That depends on the kind of policy that the Tor network could put in
place. If we decide that large families become a threat in
end-positions, we may just aggregate all the bandwidth of the family,
and apply Waterfilling. That would not kick them off, but would create a
kind of 'quarantine'. Same kind of suggestion than the one just below.

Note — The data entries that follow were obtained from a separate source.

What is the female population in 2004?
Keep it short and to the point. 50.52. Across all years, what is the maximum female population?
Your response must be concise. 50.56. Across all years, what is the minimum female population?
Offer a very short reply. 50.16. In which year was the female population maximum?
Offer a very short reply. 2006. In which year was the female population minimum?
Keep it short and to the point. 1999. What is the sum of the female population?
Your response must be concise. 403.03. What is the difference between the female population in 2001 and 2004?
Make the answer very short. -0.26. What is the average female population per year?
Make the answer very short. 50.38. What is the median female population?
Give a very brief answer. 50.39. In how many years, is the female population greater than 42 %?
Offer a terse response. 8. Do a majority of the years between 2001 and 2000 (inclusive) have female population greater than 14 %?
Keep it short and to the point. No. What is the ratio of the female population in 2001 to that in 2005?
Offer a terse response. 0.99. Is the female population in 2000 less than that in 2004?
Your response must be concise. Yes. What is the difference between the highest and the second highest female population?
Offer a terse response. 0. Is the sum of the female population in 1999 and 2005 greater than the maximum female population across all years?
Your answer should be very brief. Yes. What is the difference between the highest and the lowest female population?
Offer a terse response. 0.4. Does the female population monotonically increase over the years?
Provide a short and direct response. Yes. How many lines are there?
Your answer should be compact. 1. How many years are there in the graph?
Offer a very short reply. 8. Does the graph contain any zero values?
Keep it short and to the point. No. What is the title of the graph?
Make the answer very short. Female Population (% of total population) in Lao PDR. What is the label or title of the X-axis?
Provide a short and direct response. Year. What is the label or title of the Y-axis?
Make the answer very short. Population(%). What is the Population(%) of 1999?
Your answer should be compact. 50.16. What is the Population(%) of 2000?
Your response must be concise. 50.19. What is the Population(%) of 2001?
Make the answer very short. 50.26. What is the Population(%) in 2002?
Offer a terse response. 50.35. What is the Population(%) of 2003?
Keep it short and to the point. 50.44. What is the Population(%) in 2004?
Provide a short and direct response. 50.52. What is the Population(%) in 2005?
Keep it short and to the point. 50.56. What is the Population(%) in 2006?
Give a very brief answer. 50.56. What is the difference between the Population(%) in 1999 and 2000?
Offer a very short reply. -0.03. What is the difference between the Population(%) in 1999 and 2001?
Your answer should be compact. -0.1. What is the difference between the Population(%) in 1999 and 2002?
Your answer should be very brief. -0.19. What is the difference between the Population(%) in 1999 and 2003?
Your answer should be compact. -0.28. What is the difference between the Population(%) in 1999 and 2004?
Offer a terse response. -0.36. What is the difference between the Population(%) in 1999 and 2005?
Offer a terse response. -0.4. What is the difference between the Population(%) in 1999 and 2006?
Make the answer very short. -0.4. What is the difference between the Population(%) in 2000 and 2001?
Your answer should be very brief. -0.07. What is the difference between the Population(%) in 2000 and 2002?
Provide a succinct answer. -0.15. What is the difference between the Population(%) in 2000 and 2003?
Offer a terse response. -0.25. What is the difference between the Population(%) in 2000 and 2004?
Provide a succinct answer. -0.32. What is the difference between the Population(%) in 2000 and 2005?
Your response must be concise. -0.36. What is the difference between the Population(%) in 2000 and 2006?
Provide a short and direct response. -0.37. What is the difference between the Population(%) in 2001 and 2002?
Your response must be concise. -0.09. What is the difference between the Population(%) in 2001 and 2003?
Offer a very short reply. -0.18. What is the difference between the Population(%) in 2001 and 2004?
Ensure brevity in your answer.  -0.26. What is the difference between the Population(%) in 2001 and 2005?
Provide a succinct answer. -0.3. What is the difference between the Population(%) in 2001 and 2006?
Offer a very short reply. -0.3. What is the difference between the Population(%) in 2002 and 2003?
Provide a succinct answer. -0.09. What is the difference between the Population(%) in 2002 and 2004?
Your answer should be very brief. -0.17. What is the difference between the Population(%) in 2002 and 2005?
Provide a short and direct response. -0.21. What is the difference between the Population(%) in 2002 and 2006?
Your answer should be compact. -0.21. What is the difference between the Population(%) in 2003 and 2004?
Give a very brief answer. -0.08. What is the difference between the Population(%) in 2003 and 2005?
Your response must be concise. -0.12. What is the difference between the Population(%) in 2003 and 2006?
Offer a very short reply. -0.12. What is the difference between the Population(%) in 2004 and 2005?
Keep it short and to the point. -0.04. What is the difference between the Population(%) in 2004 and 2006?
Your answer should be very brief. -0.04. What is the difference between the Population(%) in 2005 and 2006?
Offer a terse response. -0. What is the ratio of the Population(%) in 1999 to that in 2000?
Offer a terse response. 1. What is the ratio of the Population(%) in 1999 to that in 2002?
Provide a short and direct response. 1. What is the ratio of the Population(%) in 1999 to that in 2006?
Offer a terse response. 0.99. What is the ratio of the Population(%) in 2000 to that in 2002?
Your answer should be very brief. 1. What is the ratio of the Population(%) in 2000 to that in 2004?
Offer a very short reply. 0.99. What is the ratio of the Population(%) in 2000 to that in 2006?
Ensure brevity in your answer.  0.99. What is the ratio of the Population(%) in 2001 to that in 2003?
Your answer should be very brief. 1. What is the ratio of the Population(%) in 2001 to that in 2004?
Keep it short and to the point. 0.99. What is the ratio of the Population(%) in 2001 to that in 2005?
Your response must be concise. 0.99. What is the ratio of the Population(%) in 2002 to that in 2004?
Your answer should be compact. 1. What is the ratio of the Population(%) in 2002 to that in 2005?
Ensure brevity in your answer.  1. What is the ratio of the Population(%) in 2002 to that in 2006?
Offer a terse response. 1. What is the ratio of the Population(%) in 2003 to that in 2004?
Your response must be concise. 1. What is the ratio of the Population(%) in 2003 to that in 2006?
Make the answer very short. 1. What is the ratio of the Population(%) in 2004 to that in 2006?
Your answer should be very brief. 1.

>> 3) The question of the protection from relays, ASes or IXPs is
>> puzzling, and we do not have a strong opinion about it. We focused on
>> relays because they are what is available to any attacker, compared
>> to ASes or IXPs which are more specific adversaries. But, if there is
>> a consensus that ASes or IXPs should rather be considered as the main
>> target, it is easy to implement waterfilling at the AS or IXP level
>> rather than at the IP level: just aggregate the bandwidth relayed per
>> AS or IXP, and apply the waterfilling level computation method to
>> them. Or we could mix the weights obtained for all these adversaries,
>> in order to get some improvement against all of them instead of an
>> improvement against only one and being agnostic about the others.
>
> This suggestion of applying waterfilling to individual ASes is
> intriguing, but would require some a more developed design and
> argument. Would the attacker model be one that has a fixed cost to
> compromise/observe a given AS?

Yes, we agree that this specific point requires more research. We just
laid those possibilities in our paper but we did not explore this avenue
with details yet. So, to answer your question, I *think* the attacker
model should be rather different than some budget, as it is not clear to
me what budget is needed to take control over an AS. But, if you have a
different opinion, I would be interested to heat it :) In our paper, we
suggest to use the guessing entropy to evaluate the number of AS needed
to compromise your path. That's still something, but probably not sound
enough by itself.

>
>>
>> 4) More fundamentally, since the fundamental idea of Tor is to mix
>> traffic through a large number of relays, it seems to be a sound
>> design principle to make the choice of the critical relays as uniform
>> as possible, as Waterfilling aims to do. A casual Tor user may be
>> concerned to see that his traffic is very likely to be routed through
>> a very small number of top relays, and this effect is likely to
>> increase as soon as a  multi-cores compliant implementation of Tor
>> rises (rust dev). Current top relays which suffer from the main CPU
>> bottleneck will probably be free to relay even more bandwidth than
>> they already do, and gain an even more disproportionate consensus
>> weight. Waterfilling might prevent that, and keep those useful relays
>> doing their job at the middle position of paths.
>
> I disagree that uniform relay selection is a sound design principle.
> Instead, one should consider various likely attackers and consider
> what design maximizes the attack cost (or maybe maximizes the minimum
> design cost among likely attackers). In the absence of detailed
> attacker information, a good design principle might be for clients to
> choose “diverse” relays

This is what Waterfilling does: increase the cost of a well-defined
attacker and offer clients to choose into a more "diverse" network.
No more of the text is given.